**Directions:** The data below holds the lines to copy: everything from the line containing "Great, now please do the same task for every frying" to the line containing "Answer in list order. Task: 3D cuboid fitting", both ends included, set down exactly.
____________________
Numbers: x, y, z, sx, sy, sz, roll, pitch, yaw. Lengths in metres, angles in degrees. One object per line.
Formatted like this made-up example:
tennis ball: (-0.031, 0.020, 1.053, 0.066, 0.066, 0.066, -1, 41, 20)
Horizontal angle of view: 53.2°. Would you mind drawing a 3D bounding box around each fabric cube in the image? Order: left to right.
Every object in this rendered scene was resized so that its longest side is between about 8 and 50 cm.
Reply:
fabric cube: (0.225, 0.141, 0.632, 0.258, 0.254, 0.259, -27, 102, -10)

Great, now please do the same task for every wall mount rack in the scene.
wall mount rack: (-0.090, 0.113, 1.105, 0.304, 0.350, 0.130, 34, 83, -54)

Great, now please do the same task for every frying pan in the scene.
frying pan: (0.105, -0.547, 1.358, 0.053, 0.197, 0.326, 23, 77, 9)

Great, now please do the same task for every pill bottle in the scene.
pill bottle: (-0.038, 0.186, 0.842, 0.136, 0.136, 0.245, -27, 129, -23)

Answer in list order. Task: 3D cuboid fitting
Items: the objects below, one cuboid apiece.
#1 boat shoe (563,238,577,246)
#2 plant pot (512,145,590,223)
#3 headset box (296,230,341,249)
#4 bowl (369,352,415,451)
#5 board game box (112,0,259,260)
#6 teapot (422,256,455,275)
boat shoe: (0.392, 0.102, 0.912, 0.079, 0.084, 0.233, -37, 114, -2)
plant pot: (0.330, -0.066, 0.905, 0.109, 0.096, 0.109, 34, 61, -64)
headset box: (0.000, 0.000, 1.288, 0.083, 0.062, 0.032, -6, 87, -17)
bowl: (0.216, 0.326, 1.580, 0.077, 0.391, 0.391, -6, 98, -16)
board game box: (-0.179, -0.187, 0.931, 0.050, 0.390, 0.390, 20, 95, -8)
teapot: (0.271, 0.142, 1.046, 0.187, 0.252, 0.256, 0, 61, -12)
____________________
**Expected answer:**
Great, now please do the same task for every frying pan in the scene.
frying pan: (0.105, -0.547, 1.358, 0.053, 0.197, 0.326, 23, 77, 9)

Great, now please do the same task for every pill bottle in the scene.
pill bottle: (-0.038, 0.186, 0.842, 0.136, 0.136, 0.245, -27, 129, -23)

Answer in list order. Task: 3D cuboid fitting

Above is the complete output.